His stomach was sour from all the wine. He met her eyes and held them. “You still came. You still drove out to get her. That’s what matters.”
“No, it doesn’t.”
“Look, I could have taken my car and driven her back to Waltham. I could have immediately called the police when I thought something was off. But I didn’t. Don’t you think I wish I had?”
She was quiet for a minute. “I wish you had, too. I can’t lie about that.”
“Well, I was too late, too. When Vera was sick. I was busy with school and wasn’t paying attention. She wanted to go see a doctor, and I said it was just stress, because we had so many bills, and she agreed with me. What does that say about the way I loved her?” As soon as he said it out loud, he felt himself sinking.
“Why is Vera’s death your fault? Why isn’t it Vera’s?”
He looked at her, astonished. “You’re blaming Vera?”
“She could have gone to a doctor on her own.

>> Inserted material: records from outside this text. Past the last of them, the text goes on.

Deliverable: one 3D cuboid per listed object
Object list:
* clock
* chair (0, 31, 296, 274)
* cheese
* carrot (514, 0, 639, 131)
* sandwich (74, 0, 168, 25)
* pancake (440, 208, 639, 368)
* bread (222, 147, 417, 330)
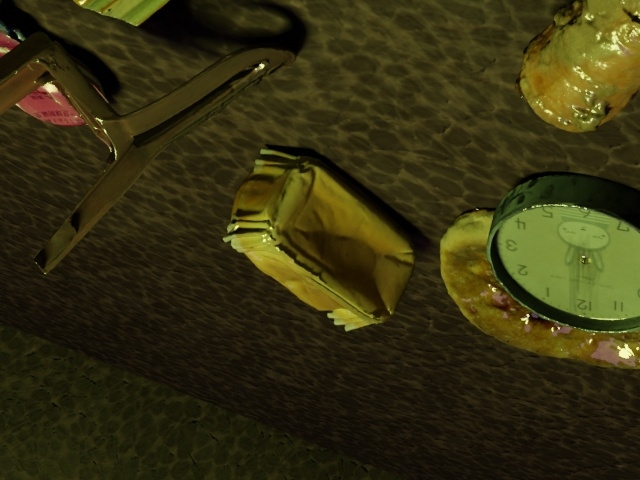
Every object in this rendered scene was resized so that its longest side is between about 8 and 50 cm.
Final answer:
[{"bbox_3d":[0.281,0.020,1.511,0.215,0.042,0.215,16,144,13],"label":"clock"},{"bbox_3d":[-0.206,-0.138,1.382,0.183,0.326,0.175,49,172,-4],"label":"chair"},{"bbox_3d":[-0.329,-0.198,1.625,0.155,0.062,0.244,7,156,35],"label":"cheese"},{"bbox_3d":[0.243,-0.170,1.071,0.102,0.102,0.263,24,155,-10],"label":"carrot"},{"bbox_3d":[-0.147,-0.281,1.146,0.144,0.187,0.117,56,-166,9],"label":"sandwich"},{"bbox_3d":[0.310,0.071,1.689,0.356,0.065,0.356,16,158,6],"label":"pancake"},{"bbox_3d":[0.000,0.000,1.711,0.107,0.136,0.241,2,153,49],"label":"bread"}]
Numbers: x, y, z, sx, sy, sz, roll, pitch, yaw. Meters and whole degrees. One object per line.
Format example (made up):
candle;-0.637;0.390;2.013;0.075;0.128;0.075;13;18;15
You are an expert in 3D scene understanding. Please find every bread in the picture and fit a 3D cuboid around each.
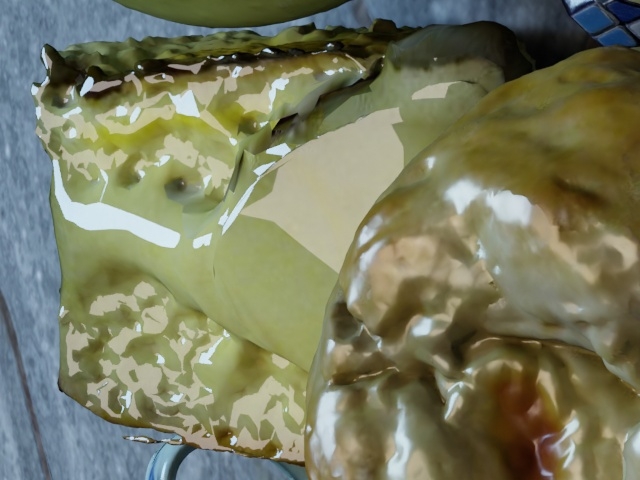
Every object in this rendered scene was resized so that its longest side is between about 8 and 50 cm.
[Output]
bread;0.000;0.000;0.795;0.262;0.163;0.204;5;100;31
bread;0.099;0.047;0.600;0.244;0.134;0.244;0;90;33

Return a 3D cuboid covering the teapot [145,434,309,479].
teapot;-0.031;0.206;0.870;0.159;0.159;0.232;-10;88;54

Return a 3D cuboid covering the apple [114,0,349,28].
apple;-0.029;-0.226;0.726;0.279;0.279;0.279;13;107;52

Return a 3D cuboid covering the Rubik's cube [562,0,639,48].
Rubik's cube;0.133;-0.117;0.643;0.111;0.093;0.111;16;109;54
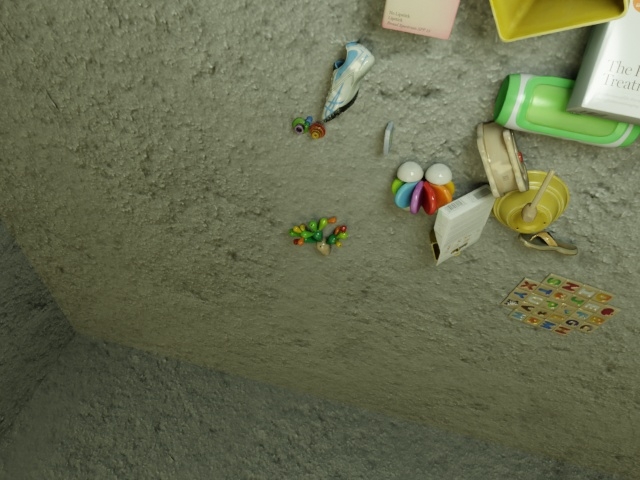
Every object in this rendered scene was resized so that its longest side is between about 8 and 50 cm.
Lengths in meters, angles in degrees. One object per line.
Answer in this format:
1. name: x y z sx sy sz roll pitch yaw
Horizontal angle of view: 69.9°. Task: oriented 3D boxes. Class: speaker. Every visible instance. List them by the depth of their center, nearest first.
1. speaker: 0.564 -0.298 1.051 0.297 0.131 0.131 13 139 6

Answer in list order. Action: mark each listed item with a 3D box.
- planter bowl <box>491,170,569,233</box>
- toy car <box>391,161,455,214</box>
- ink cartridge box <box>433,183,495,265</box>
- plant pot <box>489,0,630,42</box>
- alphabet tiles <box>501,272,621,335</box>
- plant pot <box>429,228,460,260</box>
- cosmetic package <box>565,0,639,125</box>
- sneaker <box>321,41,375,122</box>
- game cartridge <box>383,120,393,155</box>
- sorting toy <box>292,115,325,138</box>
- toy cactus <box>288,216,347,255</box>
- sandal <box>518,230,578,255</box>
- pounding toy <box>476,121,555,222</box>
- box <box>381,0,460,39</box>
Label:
1. planter bowl: 0.589 -0.085 1.299 0.217 0.090 0.217 11 138 10
2. toy car: 0.292 -0.132 1.321 0.182 0.136 0.159 7 138 13
3. ink cartridge box: 0.416 -0.044 1.360 0.056 0.181 0.224 52 159 30
4. plant pot: 0.425 -0.511 0.798 0.212 0.187 0.212 8 142 45
5. alphabet tiles: 0.838 0.233 1.612 0.343 0.011 0.285 18 139 0
6. plant pot: 0.389 0.000 1.464 0.081 0.083 0.081 -17 131 9
7. cosmetic package: 0.711 -0.351 0.859 0.378 0.097 0.284 13 102 6
8. sneaker: 0.057 -0.400 1.173 0.086 0.085 0.237 47 141 8
9. game cartridge: 0.187 -0.279 1.263 0.017 0.056 0.083 15 140 16
10. sorting toy: -0.036 -0.319 1.312 0.102 0.042 0.061 12 138 8
11. toy cactus: 0.000 0.000 1.614 0.219 0.112 0.180 -7 143 15
12. sandal: 0.687 0.000 1.376 0.180 0.072 0.049 13 123 5
13. pounding toy: 0.515 -0.194 1.180 0.155 0.154 0.269 -14 111 32
14. box: 0.219 -0.547 0.907 0.149 0.126 0.232 14 139 7
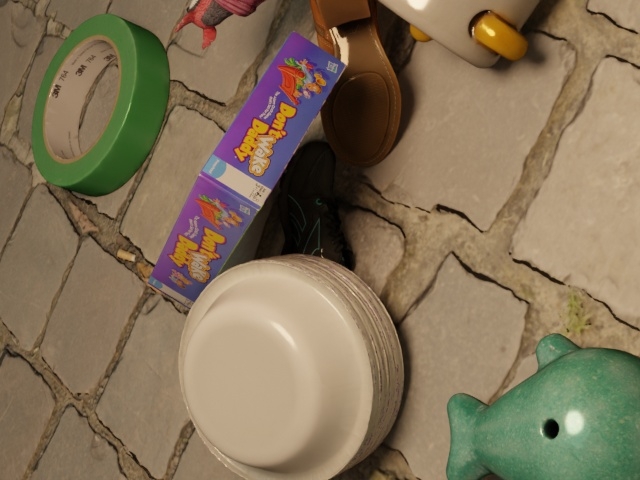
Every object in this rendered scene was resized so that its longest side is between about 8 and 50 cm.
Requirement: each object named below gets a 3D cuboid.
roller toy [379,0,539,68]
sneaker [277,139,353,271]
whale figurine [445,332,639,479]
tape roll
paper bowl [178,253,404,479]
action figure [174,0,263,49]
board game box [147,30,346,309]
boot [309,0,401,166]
[{"bbox_3d":[0.159,-0.300,1.182,0.146,0.209,0.191,-56,8,15],"label":"roller toy"},{"bbox_3d":[0.000,0.000,1.321,0.106,0.101,0.268,7,89,31],"label":"sneaker"},{"bbox_3d":[0.223,0.197,0.994,0.272,0.141,0.216,-10,71,42],"label":"whale figurine"},{"bbox_3d":[-0.401,-0.242,1.779,0.321,0.077,0.322,-16,66,39],"label":"tape roll"},{"bbox_3d":[-0.053,0.163,1.207,0.284,0.148,0.285,4,97,30],"label":"paper bowl"},{"bbox_3d":[-0.067,-0.407,1.296,0.275,0.248,0.370,37,111,23],"label":"action figure"},{"bbox_3d":[-0.103,-0.074,1.260,0.233,0.078,0.347,-61,5,-29],"label":"board game box"},{"bbox_3d":[0.036,-0.263,1.330,0.109,0.284,0.220,-14,30,7],"label":"boot"}]
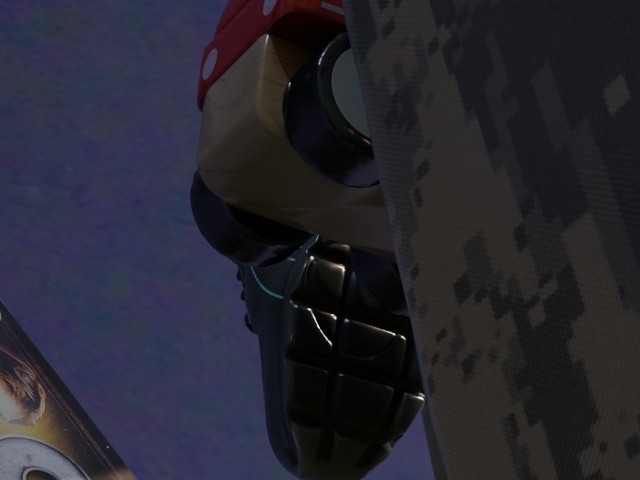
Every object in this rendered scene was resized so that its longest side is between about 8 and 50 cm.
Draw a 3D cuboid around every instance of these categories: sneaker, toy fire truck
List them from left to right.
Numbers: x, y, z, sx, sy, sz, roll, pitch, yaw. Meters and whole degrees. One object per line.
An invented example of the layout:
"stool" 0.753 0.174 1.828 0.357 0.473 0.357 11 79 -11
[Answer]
"sneaker" 0.000 0.000 0.968 0.101 0.106 0.267 21 -118 -35
"toy fire truck" 0.075 -0.105 0.823 0.217 0.158 0.246 19 -121 -22

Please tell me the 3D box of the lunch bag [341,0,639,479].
"lunch bag" 0.169 -0.007 0.382 0.256 0.212 0.305 -1 -119 -27

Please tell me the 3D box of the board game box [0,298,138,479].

She could have taken care of herself. That makes her responsible.”
“I think you should stop talking,” he said. “I think you need to stop right now.”
“Really? Are you sure? Why was it all up to you? Why were you the one who had to take on all the burdens? Make all the decisions? She was an adult. Why didn’t she take care of herself?”
“I could say the same about you and Lucy.”
“Oh, really. Lucy was my baby sister. I practically brought her up. I watched out for her because she sure as hell couldn’t watch out for herself. I was the one who was supposed to be looking out for her, not you. I fucked up. She called me! Lucy called me! If I had gotten here sooner, if I had come when she called—”
“Jesus! You can’t control everything!”
“Neither can you! So Lucy wouldn’t let you help her. How were you supposed to know what was going to happen next? So Vera was really sick and you didn’t know that, but you didn’t cause it. It wasn’t your fault.”